The importance of the Advertisements depends upon the view taken of the celebrated 25th section of Queen Elizabeth's Act of Uniformity (1559) (see ORNAMENTS RUBRIC). The theory of the Privy Council was that the effect of this section was to cancel for the time the Ornaments Rubric of 1552 (which required the surplice only), and to provisionally restore the use in church of the Mass vestments of 1549. On this supposition they found it necessary to hold that "other order" had been taken under section 25, and they consider that this was done by means of the Advertisements in 1566. The difficulty of this solution is, that it leaves seven years during which the Mass vestments were compulsory and the surplice illegal, and no evidence can be produced to prove what is obviously so contrary to the facts. The other construction of the 25th section (that of Mr. J. T. Tomlinson and others) is, that this section had nothing whatever to do with the wearing of vestments in church, but simply had for its object the retention of the illegal Mass vestments until "other order" was taken as to their sale or disposal. This view certainly harmonises law and fact, and under it the Advertisements become merely a directive and administrative enforcement of the Ornaments Rubric of 1552, with a "further order" under the 26th section for the wearing of copes in cathedrals and collegiate churches. It will thus be seen that, according to the Ridsdale judgment, the Advertisements lowered the ritual standard, while on Mr. Tomlinson's view they raised it. The latter view is alone consistent with contemporary evidence and facts. In any case, the royal authority of the Advertisements is undoubted. For details see Tomlinson, On the Prayer Book, ch. iv., and article by B. Whitehead in Churchman, for February 1899, and see ORNAMENTS RUBRIC. [B. W.]

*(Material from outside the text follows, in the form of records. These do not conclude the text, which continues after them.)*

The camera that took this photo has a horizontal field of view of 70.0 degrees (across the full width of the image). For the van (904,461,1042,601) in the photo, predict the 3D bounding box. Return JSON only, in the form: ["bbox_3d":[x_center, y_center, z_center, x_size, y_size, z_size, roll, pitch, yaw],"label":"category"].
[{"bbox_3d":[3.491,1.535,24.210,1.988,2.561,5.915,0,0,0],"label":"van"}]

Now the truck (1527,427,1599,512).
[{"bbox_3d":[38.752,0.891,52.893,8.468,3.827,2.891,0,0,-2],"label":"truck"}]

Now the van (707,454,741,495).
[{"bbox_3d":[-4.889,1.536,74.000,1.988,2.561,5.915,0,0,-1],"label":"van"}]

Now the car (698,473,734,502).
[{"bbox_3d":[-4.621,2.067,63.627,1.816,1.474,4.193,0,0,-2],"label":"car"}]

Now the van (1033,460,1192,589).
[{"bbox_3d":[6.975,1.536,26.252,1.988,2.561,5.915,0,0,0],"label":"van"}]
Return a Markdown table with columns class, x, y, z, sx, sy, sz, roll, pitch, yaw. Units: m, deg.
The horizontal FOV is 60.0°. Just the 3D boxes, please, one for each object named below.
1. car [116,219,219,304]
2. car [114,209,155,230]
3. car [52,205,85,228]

ADVOWSON (Jus patronatus) is the perpetual right of presentation to an ecclesiastical benefice whenever a vacancy occurs. The person entitled to present is the successor by purchase, or otherwise, of the original founder of the benefice, and is called the advocate, advowee, or patron, i.e. the protector of the benefice. He cannot grant the glebe or tithes as a distinct property; these remain inseparably annexed to the advowson, and belong to the incumbent for the time being as a kind of life tenant. The owner of the advowson has simply the right of presenting a duly qualified clergyman on a vacancy. (See Whitehead, Church Law.)

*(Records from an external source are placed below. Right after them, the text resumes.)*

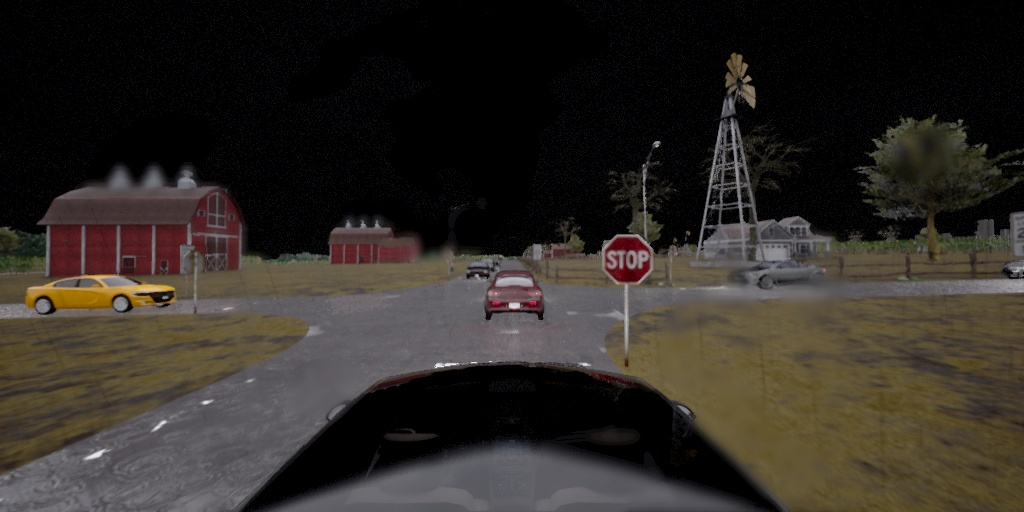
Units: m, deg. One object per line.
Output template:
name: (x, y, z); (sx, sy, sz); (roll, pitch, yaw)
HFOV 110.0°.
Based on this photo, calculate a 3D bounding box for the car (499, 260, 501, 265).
car: (-2.811, 1.059, 57.514); (1.895, 1.301, 4.718); (0, 0, 1)

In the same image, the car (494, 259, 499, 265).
car: (-2.849, 1.045, 41.093); (1.837, 1.490, 4.892); (0, 0, 0)

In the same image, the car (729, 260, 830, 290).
car: (13.436, 0.910, 18.186); (4.181, 1.385, 1.994); (-2, -1, -1)

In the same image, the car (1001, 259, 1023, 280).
car: (28.097, 0.476, 18.240); (4.902, 1.511, 2.128); (-1, -1, 0)

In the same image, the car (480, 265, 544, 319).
car: (0.081, 1.215, 12.423); (1.812, 1.442, 4.674); (0, 1, 0)

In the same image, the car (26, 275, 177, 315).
car: (-17.138, 1.542, 15.134); (5.008, 1.535, 1.882); (-1, -1, 0)

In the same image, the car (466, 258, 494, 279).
car: (-2.815, 1.141, 30.609); (2.033, 1.411, 5.357); (0, 0, -2)
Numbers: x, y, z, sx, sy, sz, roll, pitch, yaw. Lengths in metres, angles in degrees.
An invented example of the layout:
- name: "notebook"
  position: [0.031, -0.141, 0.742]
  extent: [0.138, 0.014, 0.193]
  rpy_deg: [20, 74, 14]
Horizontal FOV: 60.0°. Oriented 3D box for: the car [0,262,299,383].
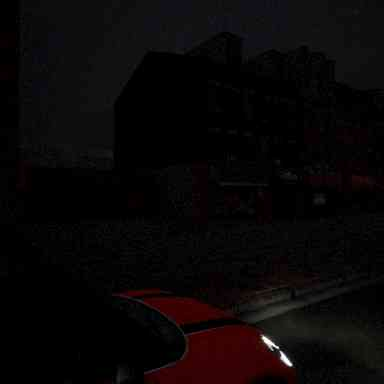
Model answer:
- name: "car"
  position: [-1.266, 1.351, 2.376]
  extent: [4.553, 1.767, 2.097]
  rpy_deg: [0, 0, -36]
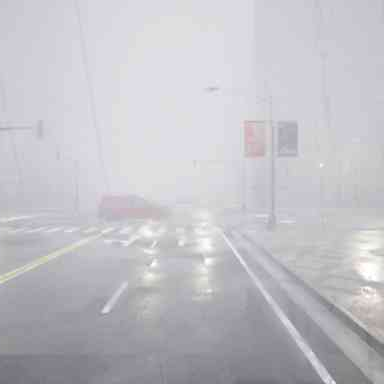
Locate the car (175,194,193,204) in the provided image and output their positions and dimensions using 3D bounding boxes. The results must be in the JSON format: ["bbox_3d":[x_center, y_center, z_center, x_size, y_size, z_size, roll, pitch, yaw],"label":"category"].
[{"bbox_3d":[-1.760,1.514,62.858,2.033,1.411,5.357,0,0,10],"label":"car"}]

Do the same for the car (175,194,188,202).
[{"bbox_3d":[-2.470,1.322,78.654,2.097,1.767,4.553,0,0,9],"label":"car"}]

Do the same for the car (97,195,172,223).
[{"bbox_3d":[-4.270,1.262,24.960,5.566,2.045,2.150,0,0,0],"label":"car"}]

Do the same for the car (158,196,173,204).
[{"bbox_3d":[-4.976,1.492,63.344,1.812,1.442,4.674,0,0,10],"label":"car"}]

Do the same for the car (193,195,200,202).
[{"bbox_3d":[0.740,1.445,78.142,1.882,1.535,5.008,0,0,9],"label":"car"}]
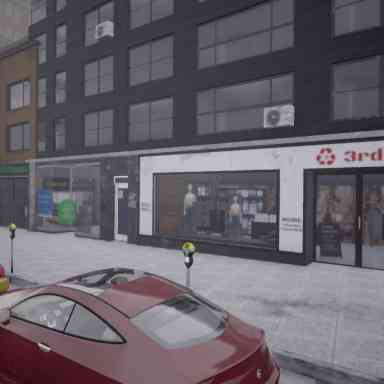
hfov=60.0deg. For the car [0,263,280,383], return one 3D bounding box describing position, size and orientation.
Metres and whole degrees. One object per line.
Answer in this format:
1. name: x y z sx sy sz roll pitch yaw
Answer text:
1. car: -1.118 1.581 3.866 4.206 1.307 1.802 0 1 35
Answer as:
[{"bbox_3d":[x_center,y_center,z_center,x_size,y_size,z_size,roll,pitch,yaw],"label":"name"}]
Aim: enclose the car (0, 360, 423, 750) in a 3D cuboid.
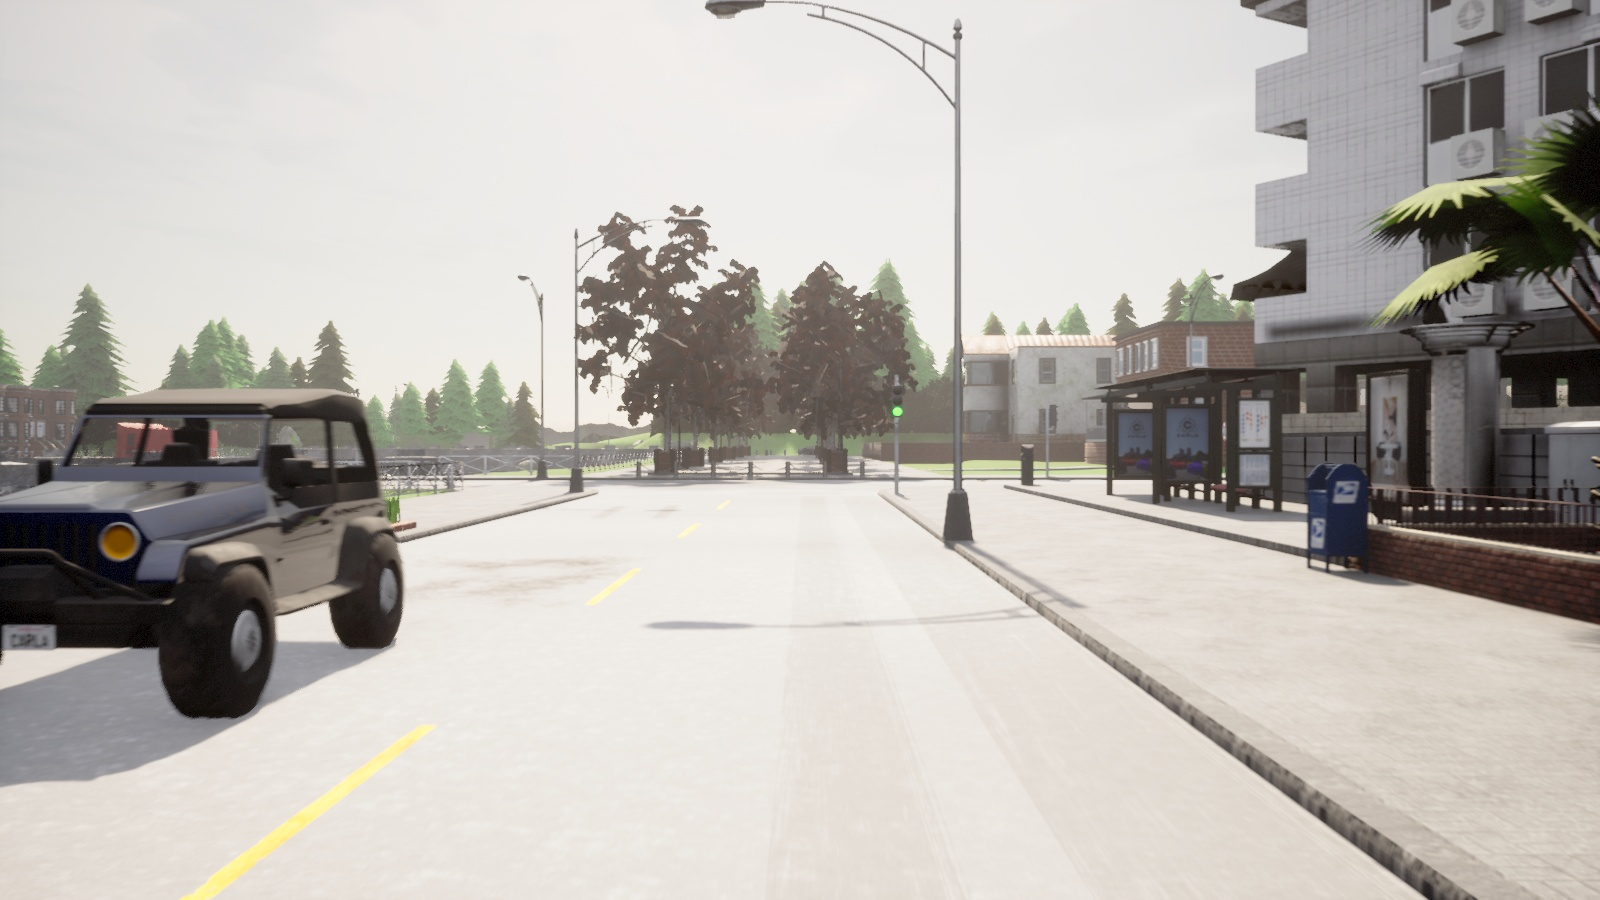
[{"bbox_3d":[-3.940,0.494,7.991,1.905,1.878,3.866,0,0,0],"label":"car"}]

In the earliest Saxon times, the government of the churches was exclusively in the hands of the bishop. Bishop and clergy lived together in a convenient centre, and collected what contributions they could from the faithful. The clergy were sent out on circular tours, as occasion arose, according to the directions of the bishop. Then parishes were marked out, and particular curates appointed, although there was still a common fund, "and it was therefore," as Mirehouse says, "not material to what church any parishioner presented his bounty." But later, when affairs became more settled, laymen desired to have a priest to live permanently among them, and consequently undertook his maintenance. The lord of a manor set apart a piece of land for the use of the clergy, upon which he built a church and parsonage, devoting the remainder as glebe land, and sometimes as a burial ground. In return for these gifts, the perpetual right of nominating the incumbent was vested in the donor, and the advowson became appendant to the manor. If afterwards separated from the manor it was called an advowson in gross.

By this time, payment of tithes, originally purely voluntary, had been rendered compulsory by the State, but in what way exactly is not quite clear. They were payable at first by the taxpayer to the central fund or to any church he pleased; but upon the permanent settlement of the parish priest, the tithes arising from his parish were, with the consent of the bishop, allocated to him, and the system subject to appropriation has remained in force ever since.

Advowsons of this kind were called donative, because the right of appointing the incumbent was in the donation of the patron independently of the bishop. All advowsons were originally donative, but in some cases the right of donation was vested by the lord of the manor or by the tithe-payers permanently in the hands of the bishop. In these cases the advowson was called collative. Later, a third class sprang into being, from the fact that

some patrons, anxious to stand well with their bishop, presented their nominee to him for his approval before admission. The bishop then put him into possession of the living by institution and induction. If this process was once allowed the advowson thenceforward became presentative. The number of donative advowsons consequently gradually diminished, until very few were left, and recently by the Benefices Act, 1898, they have been abolished altogether.

The entire advowson or the next presentation or any number of presentations, being the whole interest of the vendor, may still be sold, subject to the rules against simony, which have been made more stringent by the Benefices Act, 1898 (Whitehead, Church Law, pp. 6, 281).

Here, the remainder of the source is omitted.